* [Try it] Your task is to reproduce, exactly and only, the lines running from the line containing "The camera that" to the end of the data below, both included.

* [Entries shown]

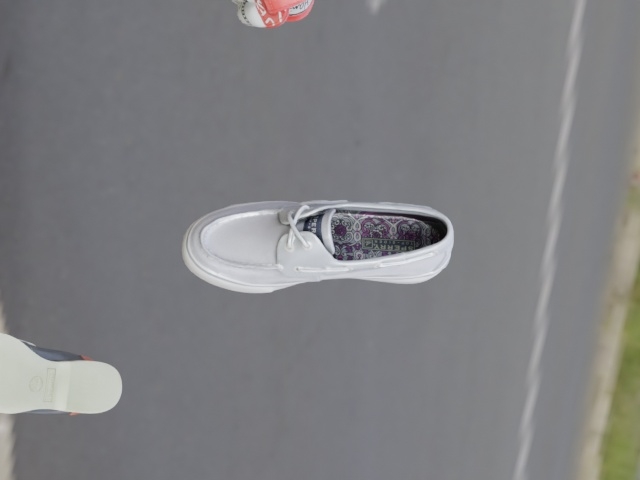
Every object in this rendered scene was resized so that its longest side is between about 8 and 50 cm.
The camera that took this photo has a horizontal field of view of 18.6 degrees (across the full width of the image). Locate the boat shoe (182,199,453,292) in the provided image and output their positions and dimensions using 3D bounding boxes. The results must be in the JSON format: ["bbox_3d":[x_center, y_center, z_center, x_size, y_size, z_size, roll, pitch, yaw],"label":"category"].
[{"bbox_3d":[0.000,0.000,1.321,0.063,0.184,0.066,107,-12,-68],"label":"boat shoe"}]

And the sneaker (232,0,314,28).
[{"bbox_3d":[-0.030,-0.225,1.233,0.090,0.145,0.270,-30,174,-14],"label":"sneaker"}]

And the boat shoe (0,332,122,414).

* [Solution to this problem]
The camera that took this photo has a horizontal field of view of 18.6 degrees (across the full width of the image). Locate the boat shoe (182,199,453,292) in the provided image and output their positions and dimensions using 3D bounding boxes. The results must be in the JSON format: ["bbox_3d":[x_center, y_center, z_center, x_size, y_size, z_size, roll, pitch, yaw],"label":"category"].
[{"bbox_3d":[0.000,0.000,1.321,0.063,0.184,0.066,107,-12,-68],"label":"boat shoe"}]

And the sneaker (232,0,314,28).
[{"bbox_3d":[-0.030,-0.225,1.233,0.090,0.145,0.270,-30,174,-14],"label":"sneaker"}]

And the boat shoe (0,332,122,414).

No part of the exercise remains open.